Sigue la canoa de arroyo en arroyo hasta las últimas ramificaciones de las aguas que, ora salen del seno de las islas, ora penetran en él, estrechándose cada vez más, hasta tener que surcar sobre las plantas acuáticas que de orilla a orilla entretejen sus tallos y sus flores. Algunos de estos arroyuelos, cuando ya parece que van a terminarse, desembocan en una cancha dilatada, produciendo una sorpresa inexplicable. El que surca mi canoa, corre recto, como un canal, sombreado de árboles cubiertos de lianas.

Aquí se empieza a oir con el silencio el blando murmullo de las aguas. Las aves han cesado ya en sus cantos. Sólo resuena alguna vez la caída de la capibara que se somormuja con estruendo, o se escucha el arrullo compasado de la tórtola, que con tiernas emociones nos inspira.

Allá a lo lejos se avista entre los sauces una pequeña choza sobre el borde del raudal; es el rancho solitario del carapachayo, el hombre de las islas.
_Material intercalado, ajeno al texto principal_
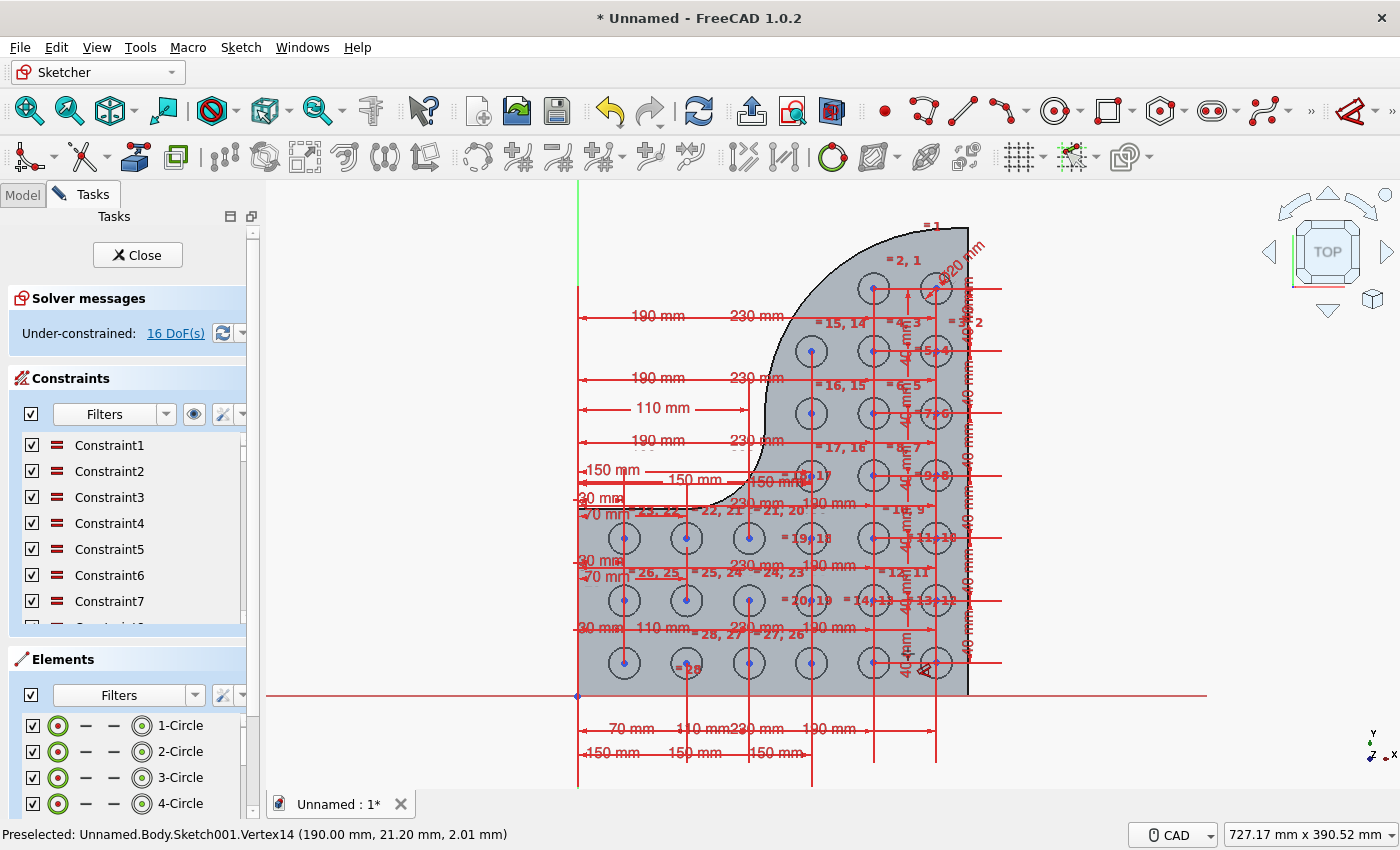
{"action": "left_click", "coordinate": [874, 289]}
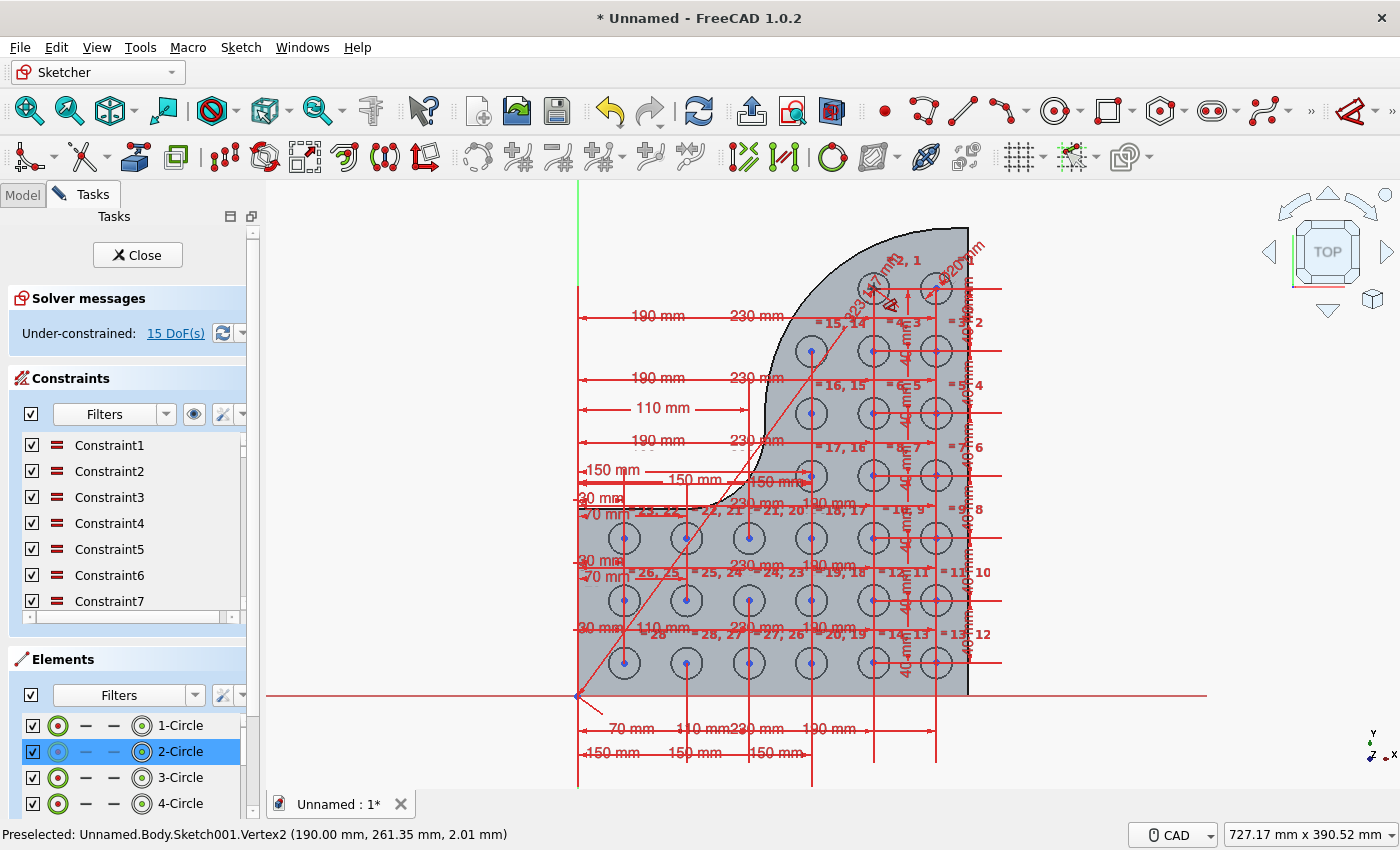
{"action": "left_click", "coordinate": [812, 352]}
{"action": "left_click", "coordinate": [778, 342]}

Bajo de ese humilde techo pajizo residen el sosiego, el contento y la benevolencia. Aquí es donde se encuentra en toda su pureza la índole suave y el carácter noble de los hijos de la región del Plata, inteligentes, animosos, sufridos, sobrios, generosos y hospitalarios. ¡Con cuánto interés escucha uno las animadas narraciones de estos hijos de la naturaleza! ¡Qué interesante es la descripción de sus exploraciones, del acopio de maderas y construcción de sus hangadas, de la recolección de frutas y de mieles, de sus sementeras, cacerías, pescas y otros ejercicios en que se emplean agradable y útilmente, proveyéndose de lo necesario para una vida frugal e independiente! ¡Con cuánta facilidad y placer se acomoda uno a sus sencillos usos y a su rústico menaje!